Item 4 - Submission of Matters to a Vote of Securtity Holders.

         On June 25, 1996, the Company held its Annual Meeting of Shareholders.
The meeting involved the election of Directors of the Company. Mr. Lowell W.
Paxon was newly elected to the Board, While Louis L. Knickerbocker, Anthony P.
Shutts, Farrah Fawcett, Gerald A. Margolis, and William R. Black were re-elected
to the Board.


         A brief description of each matter voted on and number of votes cast is
as follows:

<TABLE>
<CAPTION>
 
     <S>                                  <C>                      <C>  
     1)  Election of Directors:               FOR                  WITHHOLD
          Louis L. Knickerbocker           13,052,632               10,557
          Anthony P. Shutts                13,052,632               10,557
          Farrah Fawcett                   13,050,737               12,452
          Gerald A. Marolis                13,052,632               10,557
          William R. Black                 13,052,132               11,057
          Lowell W. Paxson                 13,052,632               10,557
</TABLE>

Item 6 - Exhibits and Reports of Form 8-K.
- ------                                    

(b)      Reports of Form 8-K
         -------------------
         A Form 8-K was filed in July of 1996 in connection with the Company's
acquisition of Krasner Group, Inc.


                                   SIGNATURES

In accordance with the requirements of the Exchange Act, the registrant caused
this report to be signed on its behalf by the undersigned, thereunto duly
authorized.

                                    THE L.L. KNICKERBOCKER CO., INC.

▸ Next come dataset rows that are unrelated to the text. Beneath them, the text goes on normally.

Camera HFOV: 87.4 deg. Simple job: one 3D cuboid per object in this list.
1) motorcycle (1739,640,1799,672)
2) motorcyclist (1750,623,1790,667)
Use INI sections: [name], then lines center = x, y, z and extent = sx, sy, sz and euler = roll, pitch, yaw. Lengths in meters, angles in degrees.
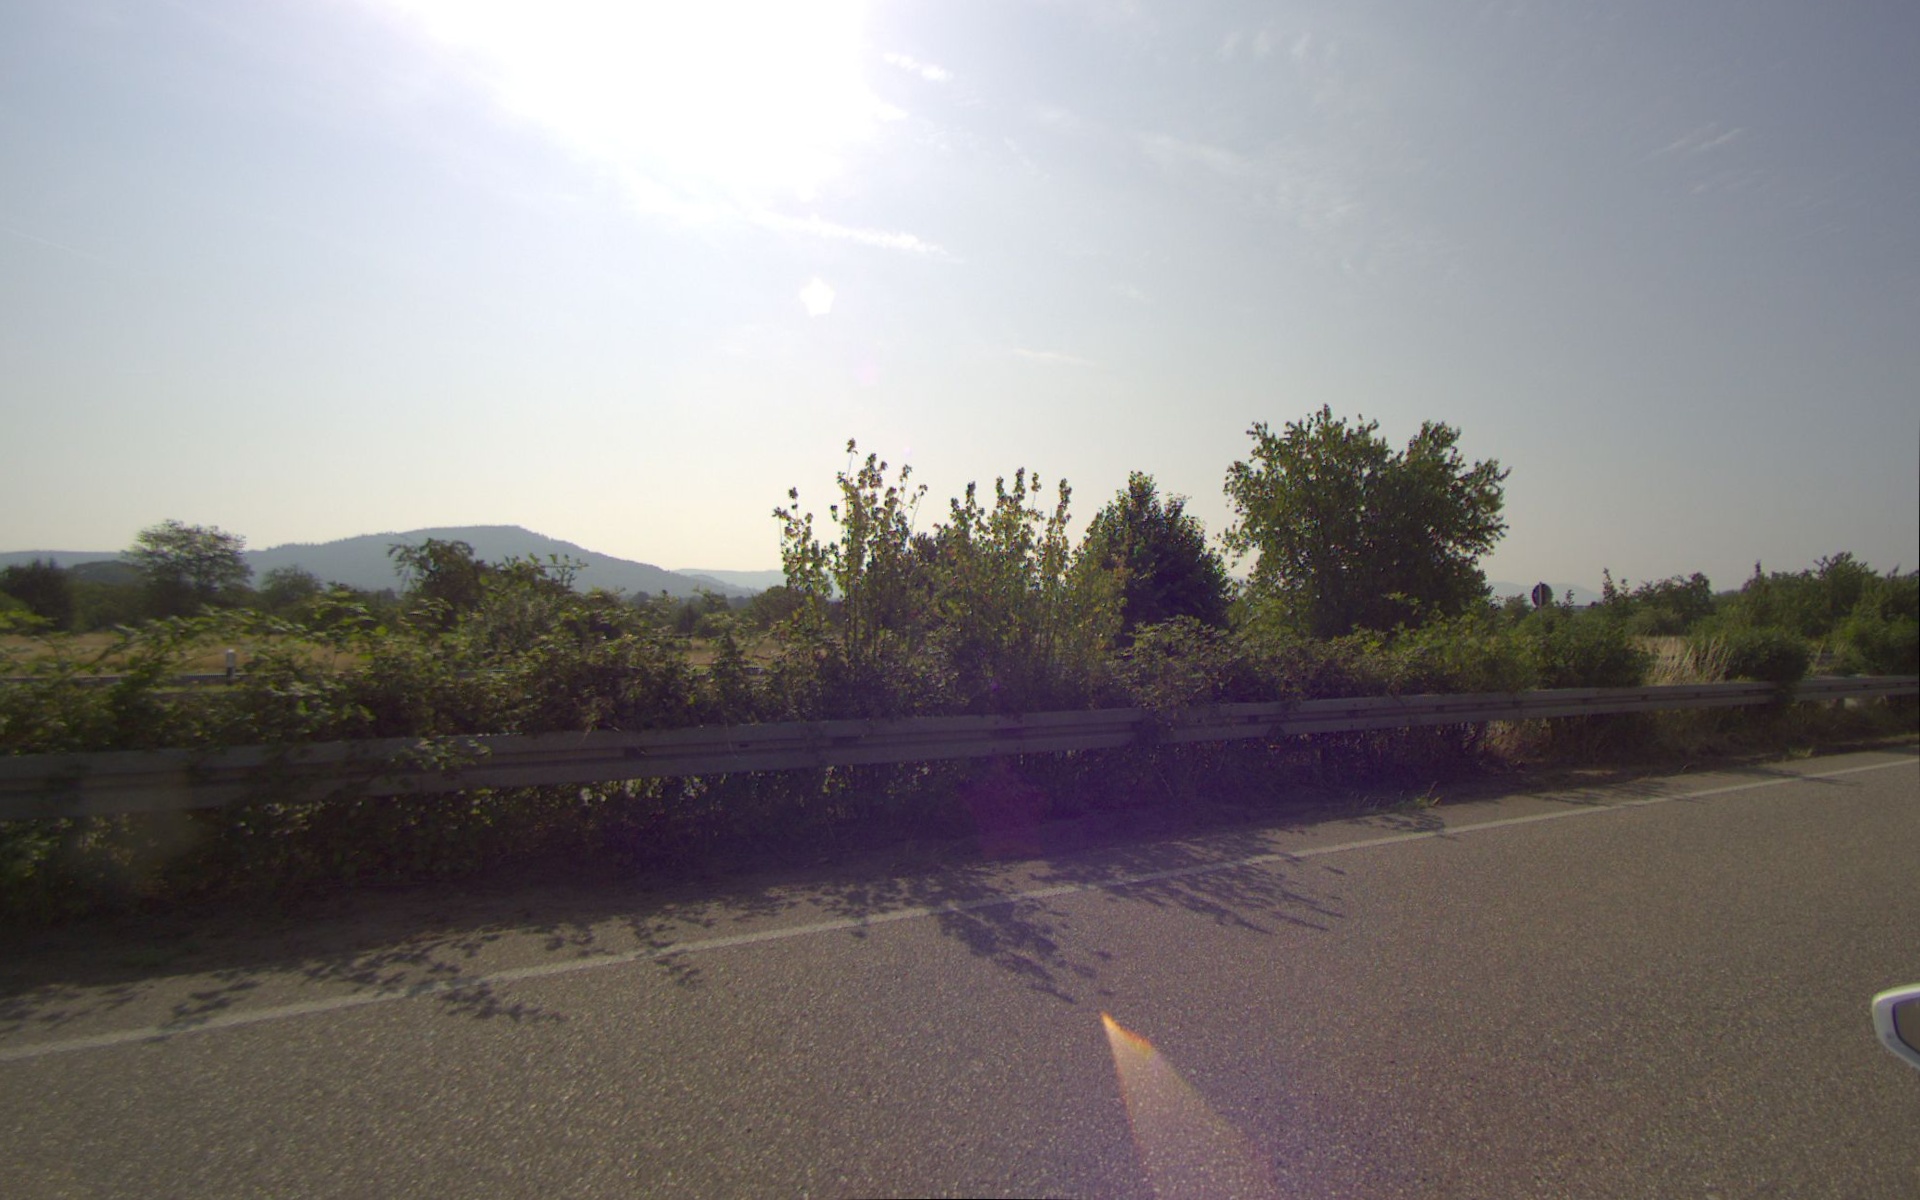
[motorcycle]
center = 25.498, 1.756, 31.653
extent = 2.257, 0.976, 0.701
euler = 1, -3, -30
[motorcyclist]
center = 25.572, 1.410, 31.707
extent = 0.798, 1.365, 0.701
euler = 1, -3, -30

Date:   August 12, 1996             By: /s/ ANTHONY P. SHUTTS
                                    ------------------------- 
                                    Anthony P. Shutts
                                    Chief Financial Officer

                                    Signing on behalf of the registrant and as
                                    principal financial and accounting officer.